Common with Diaster / Recovery (DR):
- DevSecOps. Development and Operations must also include security as part of the process. Multi-user code audits and strict change management processes are one of the most important protections for all Trojans and for all accidental security issues on any platform. As a security proponent, I tell all users that the third most valuable system-side security procedure they could do to protect their system would be to enforce a multi-party change authorization with multi-party code audits. (What are the other two? Two-factor authorization and RBAC. SIEM is a close #4)
- Firewalls.
- Audit everything WRT add/change/delete of system data and users.

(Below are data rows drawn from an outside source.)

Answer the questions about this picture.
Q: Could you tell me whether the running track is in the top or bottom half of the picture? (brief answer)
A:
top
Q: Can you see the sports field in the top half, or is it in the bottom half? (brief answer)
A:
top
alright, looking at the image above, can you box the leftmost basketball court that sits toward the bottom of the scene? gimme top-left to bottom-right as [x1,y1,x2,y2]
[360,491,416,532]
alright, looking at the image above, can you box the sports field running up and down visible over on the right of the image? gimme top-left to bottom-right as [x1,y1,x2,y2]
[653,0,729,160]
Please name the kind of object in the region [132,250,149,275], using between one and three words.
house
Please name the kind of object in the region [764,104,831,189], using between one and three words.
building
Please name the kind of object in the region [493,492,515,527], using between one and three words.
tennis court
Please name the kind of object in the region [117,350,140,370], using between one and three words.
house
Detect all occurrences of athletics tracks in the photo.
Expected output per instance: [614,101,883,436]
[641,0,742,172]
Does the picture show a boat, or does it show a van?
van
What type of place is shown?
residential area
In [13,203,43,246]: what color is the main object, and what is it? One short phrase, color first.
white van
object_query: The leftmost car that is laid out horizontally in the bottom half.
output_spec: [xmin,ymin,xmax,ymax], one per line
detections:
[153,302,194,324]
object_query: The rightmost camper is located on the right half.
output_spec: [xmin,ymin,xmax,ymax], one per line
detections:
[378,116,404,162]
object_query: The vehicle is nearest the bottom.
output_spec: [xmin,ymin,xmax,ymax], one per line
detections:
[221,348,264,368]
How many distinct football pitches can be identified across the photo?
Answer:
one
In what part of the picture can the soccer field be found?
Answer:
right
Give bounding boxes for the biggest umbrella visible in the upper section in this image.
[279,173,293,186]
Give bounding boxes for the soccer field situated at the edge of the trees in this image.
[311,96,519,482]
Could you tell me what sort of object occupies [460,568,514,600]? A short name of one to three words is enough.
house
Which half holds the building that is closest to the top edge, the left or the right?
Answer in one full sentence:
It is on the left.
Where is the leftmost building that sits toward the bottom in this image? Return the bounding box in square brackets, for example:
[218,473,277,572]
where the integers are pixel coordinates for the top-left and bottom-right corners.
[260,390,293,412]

- Recovery schemes are similar. Recovery time objectives (RTO) and RPOs are both relevant in ransomware planning. Ransomware almost always requires a specific need to restore data, whereas pure DR plans often do not require a restoration of data to a point I time (assuming active-active DR protection, for example). Often with DR, the data is replicated and synchronized as part of the DR planning process, but with ransomware strategies, the recovery data must be “clean” into the active site for a point in time. It must reflect last-known-good state. For DR designs, the limit is that the data is good to the point of the disaster. It’s a subtle but significant difference. This means that for Ransomware recovery, in addition to providing a known-good system, the user must recover to a RPO using “known-good-to-a-point” recovery. The use of NonStop backup and Restore (aka BR2 on NonStop) is not usually sufficient because the data is in motion and the known-good recovery point is not easily restored form a traditional BR2 backup. This means that combinations of BR2 and replication, and recovery from audit trail play into most designs.
- Often Ransomware will require a known-good new server service I some form. This is especially true because forensics of the attacked server often will take longer than the RTO allows.

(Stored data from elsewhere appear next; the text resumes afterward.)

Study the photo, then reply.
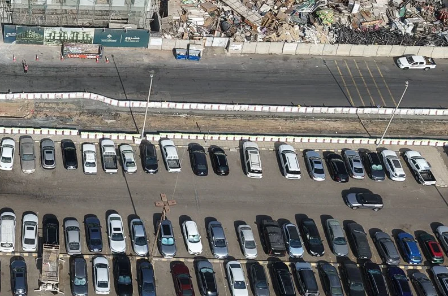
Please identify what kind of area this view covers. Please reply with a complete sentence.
This looks like a parking lot.
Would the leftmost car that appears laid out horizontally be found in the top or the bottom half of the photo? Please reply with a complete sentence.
The leftmost car that appears laid out horizontally sits in the bottom half of the picture.
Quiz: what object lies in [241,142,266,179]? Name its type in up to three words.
car
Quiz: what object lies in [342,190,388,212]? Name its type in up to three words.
car
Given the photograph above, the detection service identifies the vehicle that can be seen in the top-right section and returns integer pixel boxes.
[396,54,439,72]
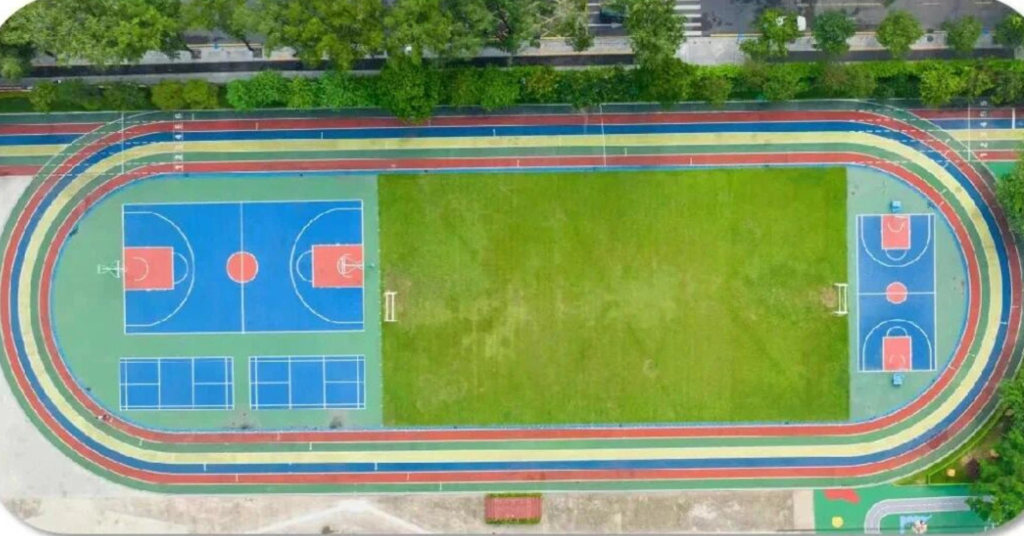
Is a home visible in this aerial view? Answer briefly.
No
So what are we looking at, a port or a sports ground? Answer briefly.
sports ground
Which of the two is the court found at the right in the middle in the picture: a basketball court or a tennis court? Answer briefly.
basketball court
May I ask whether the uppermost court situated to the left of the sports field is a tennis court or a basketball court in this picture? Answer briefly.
basketball court
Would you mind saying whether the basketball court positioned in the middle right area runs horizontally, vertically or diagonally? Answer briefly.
vertically
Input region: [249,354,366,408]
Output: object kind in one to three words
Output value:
sports court
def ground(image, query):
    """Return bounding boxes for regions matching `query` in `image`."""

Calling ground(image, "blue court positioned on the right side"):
[856,213,936,372]
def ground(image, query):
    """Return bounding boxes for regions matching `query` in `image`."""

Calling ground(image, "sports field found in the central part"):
[377,167,849,424]
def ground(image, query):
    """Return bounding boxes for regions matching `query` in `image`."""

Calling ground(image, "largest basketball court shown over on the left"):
[122,200,365,335]
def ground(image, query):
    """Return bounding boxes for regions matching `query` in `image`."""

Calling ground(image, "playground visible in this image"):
[813,477,1024,536]
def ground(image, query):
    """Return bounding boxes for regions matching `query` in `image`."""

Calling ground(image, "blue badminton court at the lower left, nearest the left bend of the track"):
[119,356,234,410]
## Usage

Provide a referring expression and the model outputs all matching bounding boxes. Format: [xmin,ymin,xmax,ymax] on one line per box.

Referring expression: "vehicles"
[599,3,630,24]
[794,16,804,33]
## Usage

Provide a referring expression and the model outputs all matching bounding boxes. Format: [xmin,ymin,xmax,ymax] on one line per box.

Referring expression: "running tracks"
[0,98,1024,494]
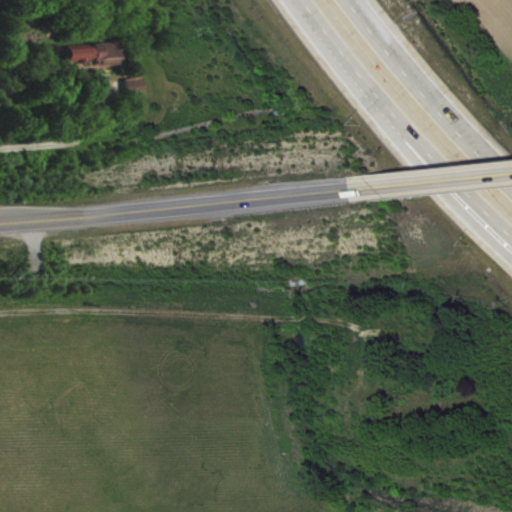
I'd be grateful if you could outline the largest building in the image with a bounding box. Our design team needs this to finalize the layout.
[70,42,123,72]
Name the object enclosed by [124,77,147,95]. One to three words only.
building
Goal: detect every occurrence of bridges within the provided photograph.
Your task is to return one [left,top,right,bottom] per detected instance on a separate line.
[348,161,512,202]
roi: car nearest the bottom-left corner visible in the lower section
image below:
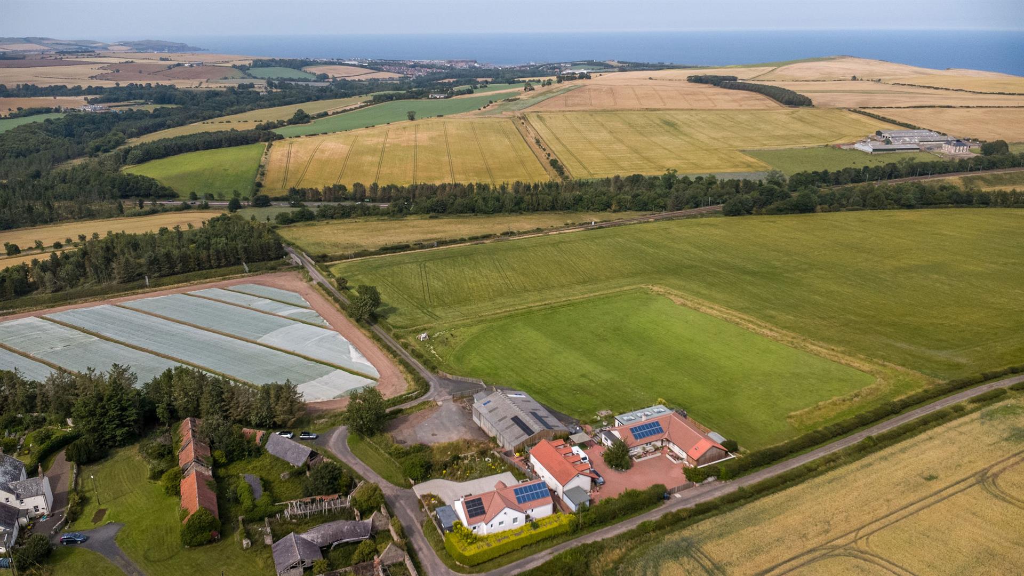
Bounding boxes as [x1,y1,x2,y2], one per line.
[60,534,89,547]
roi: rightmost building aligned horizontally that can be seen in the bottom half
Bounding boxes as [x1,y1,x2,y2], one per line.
[589,405,729,468]
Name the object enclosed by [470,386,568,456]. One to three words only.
barn
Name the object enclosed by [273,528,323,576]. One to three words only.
barn
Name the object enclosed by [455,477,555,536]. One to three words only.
house
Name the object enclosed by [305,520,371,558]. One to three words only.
building

One last topic that needs to be mentioned:
The very deliberate and aggressive directives to deliver a documented ransomware recovery process ala Disaster Recovery style plan is driven by the trend mentioned in the first paragraph. Windows perspective is that the file system is likely to be encrypted by the attacker and that the data to recover will also be unavailable because it will also reside on a Microsoft machine.
This would be as if NonStop would recover from a remote NonStop server that had a copy of the data: Again, much like a DR recovery scheme. Therefore, the greater IT security pundits reflect and impose a further requirement to create an immutable copy of all data for the purposes of a “known-good” recovery. Putting aside the fact that a backup of data on Microsoft would still need to pass the “known-good” scrutiny for any immutable backup, moving data to a device that cannot be modified is a critical requirement.
NonStop backup data is just data. So NonStop should also avail itself to using an immutable destination. The delivery to an immutable store is not difficult and ticks the box for protecting a state in time.